L’évaluation du projet-pilote a permis d’identifier deux constats spécifiques :

l’aspect discriminatoire de l’inscription volontaire des citoyens sur le site. En effet seuls les citoyens qui connaissent le système BE-Alert et disposant d’un accès à Internet pour s’y inscrire, pourraient être alertés via BE-Alert. Par conséquent, le système ne peut pas être appliqué aux citoyens qui ne sont pas inscrits ou qui n’ont pas mis à jour leurs données dans BE-Alert ;

en outre, ce système est dit « adress-based », ce qui signifie que les personnes à alerter sont identifiées sur base de l’adresse qu’ils ont inscrite dans le système, généralement l’adresse de leur domicile. Alerter ce public-cible, qu’il soit ou non chez lui, a un intérêt pour certaines situations d’urgence ; cependant ce système ne permet pas d’avertir des citoyens pour des situations ne se déroulant pas à proximité de leur domicile. Il s’avère difficile d’alerter tous les citoyens qui ne font que passer dans une zone où se produit une situation d’urgence (employés, fournisseurs, services postaux, navetteurs, touristes, etc.).

Pour répondre à ces constats, le Centre de crise développe une approche plus géolocalisée de l’alerte. Une totale géolocalisation (alerte de tous les GSM présents dans une zone déterminée, et sans qu’une inscription du citoyen ne soit nécessaire, donc aussi les touristes, les passants, les navetteurs, etc.) ne sera possible que par l’intégration dans Be-Alert, d’un autre module, basé sur une technologie en développement (Alert-SMS) en collaboration avec les trois opérateurs des réseaux de téléphonie mobile.

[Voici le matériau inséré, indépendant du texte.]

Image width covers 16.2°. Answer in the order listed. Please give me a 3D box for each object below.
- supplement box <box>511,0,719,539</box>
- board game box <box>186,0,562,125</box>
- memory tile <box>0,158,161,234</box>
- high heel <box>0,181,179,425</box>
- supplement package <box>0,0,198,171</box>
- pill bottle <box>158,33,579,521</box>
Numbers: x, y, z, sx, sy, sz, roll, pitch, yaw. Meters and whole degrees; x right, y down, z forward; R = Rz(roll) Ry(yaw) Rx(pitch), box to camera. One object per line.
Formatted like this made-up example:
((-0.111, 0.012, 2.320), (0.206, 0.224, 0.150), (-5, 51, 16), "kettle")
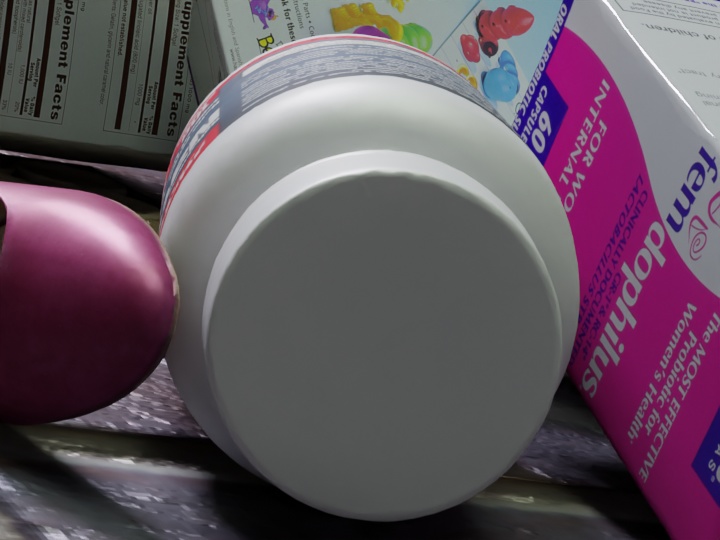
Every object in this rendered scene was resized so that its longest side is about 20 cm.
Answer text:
((0.125, 0.002, 0.779), (0.103, 0.102, 0.200), (8, 30, -27), "supplement box")
((0.043, -0.072, 0.955), (0.199, 0.105, 0.103), (-11, -16, -10), "board game box")
((-0.136, -0.022, 0.970), (0.153, 0.017, 0.200), (9, 10, -26), "memory tile")
((-0.135, -0.006, 0.691), (0.096, 0.068, 0.200), (19, -1, -41), "high heel")
((-0.143, -0.125, 1.066), (0.199, 0.148, 0.191), (7, 0, -37), "supplement package")
((0.000, 0.000, 0.721), (0.119, 0.120, 0.200), (13, 9, -6), "pill bottle")
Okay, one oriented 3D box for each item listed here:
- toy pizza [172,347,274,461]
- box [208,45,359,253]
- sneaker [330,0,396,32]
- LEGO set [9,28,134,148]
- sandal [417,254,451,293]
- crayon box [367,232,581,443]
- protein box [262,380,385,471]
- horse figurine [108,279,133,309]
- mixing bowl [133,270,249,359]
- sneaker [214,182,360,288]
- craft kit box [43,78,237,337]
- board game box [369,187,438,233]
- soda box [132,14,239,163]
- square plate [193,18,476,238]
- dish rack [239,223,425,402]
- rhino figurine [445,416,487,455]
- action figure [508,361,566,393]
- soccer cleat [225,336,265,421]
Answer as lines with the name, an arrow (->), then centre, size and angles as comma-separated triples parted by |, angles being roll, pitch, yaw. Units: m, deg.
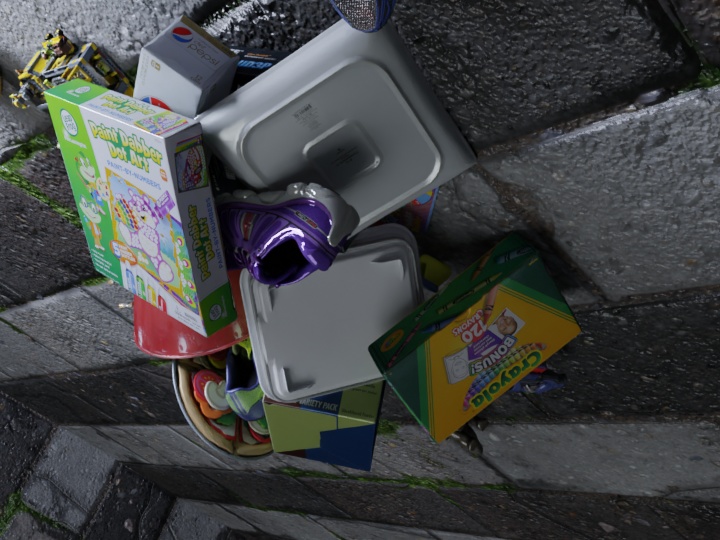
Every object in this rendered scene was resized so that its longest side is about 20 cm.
toy pizza -> -0.160, 0.150, 1.158 | 0.199, 0.203, 0.031 | 39, 129, -26
box -> -0.089, -0.119, 0.874 | 0.156, 0.046, 0.203 | 12, 135, 25
sneaker -> -0.037, -0.246, 0.624 | 0.074, 0.080, 0.201 | 3, 146, 37
LEGO set -> -0.302, -0.149, 0.971 | 0.151, 0.117, 0.201 | 4, 146, 34
sandal -> 0.000, 0.000, 1.002 | 0.196, 0.089, 0.079 | 21, -179, 13
crayon box -> 0.120, 0.072, 0.918 | 0.119, 0.199, 0.058 | 52, 180, -31
protein box -> -0.030, 0.114, 1.098 | 0.132, 0.204, 0.200 | 10, 152, 4
horse figurine -> -0.317, 0.054, 1.405 | 0.131, 0.050, 0.201 | -23, 120, 34
mixing bowl -> -0.214, 0.013, 1.140 | 0.196, 0.200, 0.110 | 7, 124, 31
sneaker -> -0.090, -0.024, 0.792 | 0.198, 0.085, 0.080 | -9, 138, 48
craft kit box -> -0.205, -0.061, 0.822 | 0.198, 0.048, 0.201 | 23, 129, 39
board game box -> 0.000, -0.084, 0.918 | 0.155, 0.039, 0.201 | 22, 153, 6
soda box -> -0.176, -0.136, 0.833 | 0.067, 0.064, 0.201 | 34, 142, 2
square plate -> -0.018, -0.109, 0.792 | 0.197, 0.029, 0.198 | -29, 131, 15
dish rack -> -0.021, 0.053, 0.934 | 0.044, 0.195, 0.175 | -126, 25, -69
rhino figurine -> 0.146, 0.225, 1.322 | 0.087, 0.060, 0.201 | 30, 161, 36
action figure -> 0.142, 0.094, 1.055 | 0.197, 0.107, 0.192 | 13, 158, -36
soccer cleat -> -0.135, 0.096, 1.136 | 0.063, 0.203, 0.084 | -15, 136, 21

Les étapes suivantes ont été prévues dans le développement de BE-Alert :

– juillet 2016 : dans le prolongement du projet-pilote et du marché public pour la version (adress-based) finale, attribution de l’adjudication publique ;

août 2016 : livraison de la plateforme ;

août-septembre 2016 : phase test de cette nouvelle version de la plateforme ;

automne 2016 : BE-Alert pleinement opérationnel et possibilité de souscrire à l’accord-cadre par les autorités locales intéressées (bourgmestres et gouverneurs) ;

fin 2016 : livraison de la nouvelle technologie Alert-SMS par les opérateurs de réseau mobile ;

– 2017 : intégration de la technologie Alert-SMS dans la plateforme BE-Alert ;

– 2017 : intégration du réseau de sirènes dans la plateforme BE-Alert.

Qu’il s’agisse du portail web www.info-risques.be ou de la plateforme BE-Alert, des campagnes de communication sont prévues prochainement pour informer les citoyens. Les autorités locales responsables la planification d’urgence et de la gestion de crise concernés par l’utilisation de ces outils seront informées et associées à ces initiatives.

Pour renforcer encore les démarches existantes dans la communication sur les risques, une vaste campagne d’information et d’actions de communication sera en effet menée par le Centre de crise, en collaboration avec la chancellerie du premier ministre pour l’organisation pratique et différents partenaires pour les actions concrètes, dès la fin du premier semestre 2016 et ce, pour période de trois ans.

Cette campagne menée sous la coupole « info-risques.be » a pour objectif de sensibiliser le citoyen à l’autoprotection et aux bons comportements à adopter en situation d’urgence quelle qu’elle soit. En effet, l’éducation au risque forme un tout nécessitant une même démarche quel que soit le risque considéré.

En ce qui concerne BE-Alert, une campagne de sensibilisation, cadrant dans les actions menées pendant trois ans avec info-risques.be, est prévue une fois la nouvelle plate-forme adress-based opérationnelle et les utilisateurs formés. Cette campagne aura pour but de faire connaître cet outil et d’augmenter le nombre d’inscriptions de données personnelles de contact dans le système. Un site web informatif spécifique sera notamment créé à cet effet.